Don't let the weather forecast put you off coming, we have made as much provision as possible to keep people dry :whistling2:

On the day there will be charities having tombolas & selling bits n bobs; Rat Rations selling food & toys etc, Debonaire Exotic Animal Supplies selling various supplements, foods & other goods, KBN Reptiles will have live foods & some other items available (including a fully set up viv I believe).

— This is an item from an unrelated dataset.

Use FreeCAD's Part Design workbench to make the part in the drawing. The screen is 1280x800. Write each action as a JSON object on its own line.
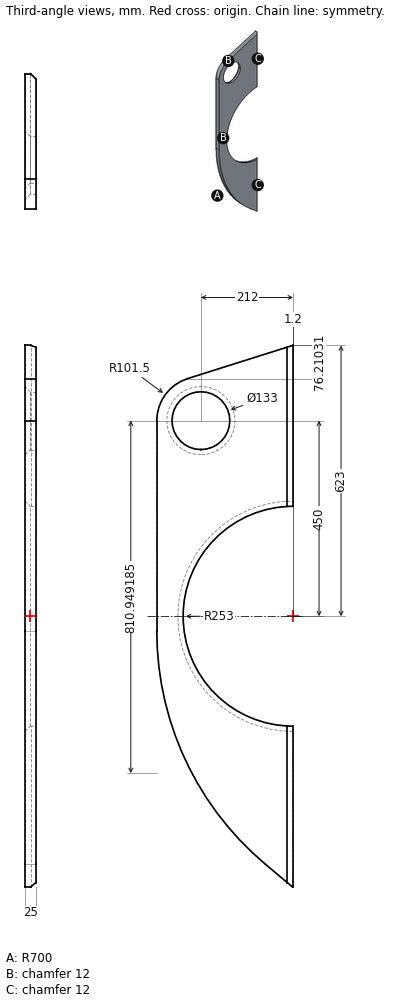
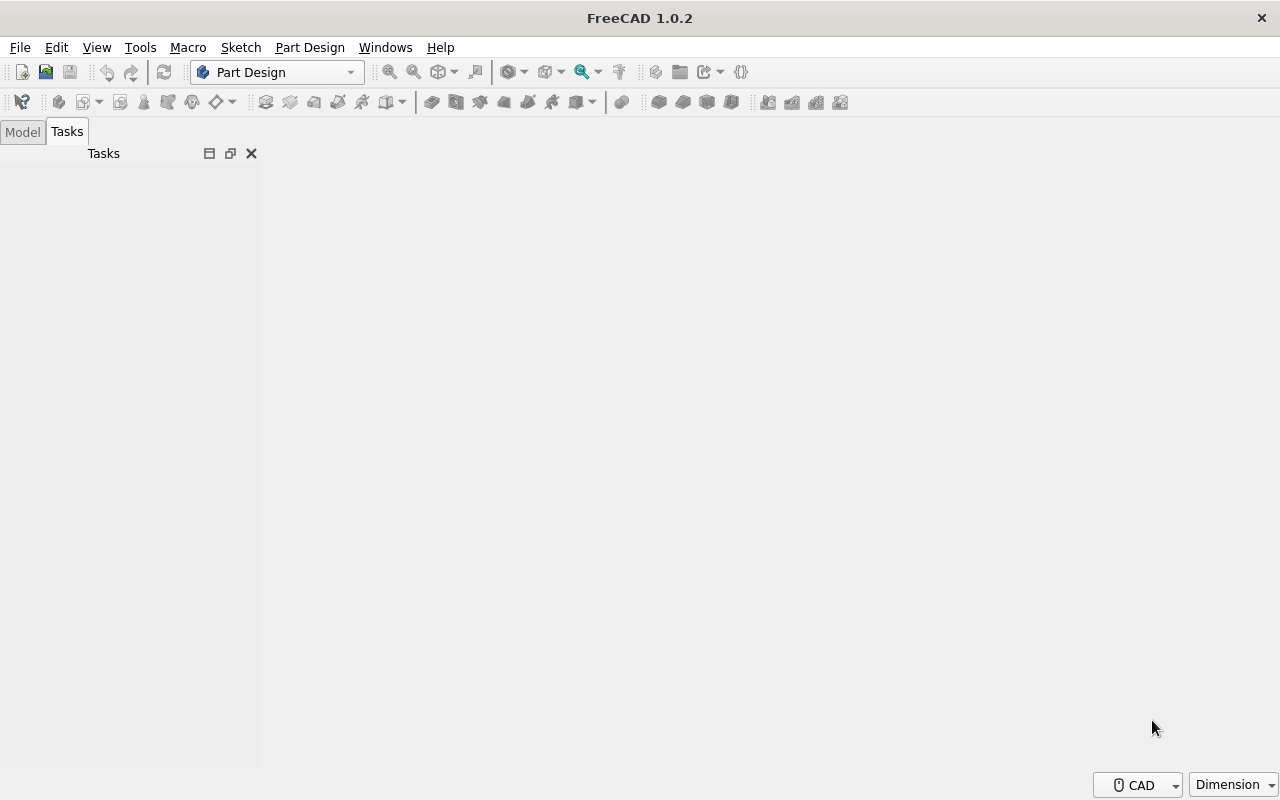
{"action": "left_click", "coordinate": [22, 72]}

Also a qualified vet is doing micro chipping for anything other than parrots as its National Micro Chip month during June.

So don't forget your wallets & purses - after all you don't have to pay to get in as its a FREE event this year!!!

*NO animals are sold at the event & anyone found buying or selling on the day will be removed by security.*


----------



## carlycharlie (Jan 16, 2008)

The day has arrived & thankfully rains has stopped at last........probably need strong footwear though ;-)

The sun is even just making a welcome appearance at 6.30am, so hope its here to stay for the day - now all we need is the wind to drop a little more to prevent gazebos & stalls blowing away :whistling2:

If it does rain we have plenty of shelter for people, so the event is ON!

Dont forget if you want other forum members to know who you are, go to the Debonaire Exotic Animal supplies stall just inside the barn area & get a name sticker sorted.

Also bring plenty of money as there are loads to do & buy.......live foods, dried goods, toys, food etc & that's just for your animals :lol2:

Have a great day everyone & hope to see loads of you during the event.

Oh I also have it confirmed there will be an eye lash viper appearing at the show (and other venomous snakes) - on display of course, not for being handled :whistling2:


----------



## arachne (Nov 9, 2010)

great day,thanks to organisers.


----------



## carlycharlie (Jan 16, 2008)

arachne said:


> great day,thanks to organisers.


 
So pleased you enjoyed the event & many thnaks to everyone who attended.

If anyone has suggestions for things they would like to see at these events please let us know.


----------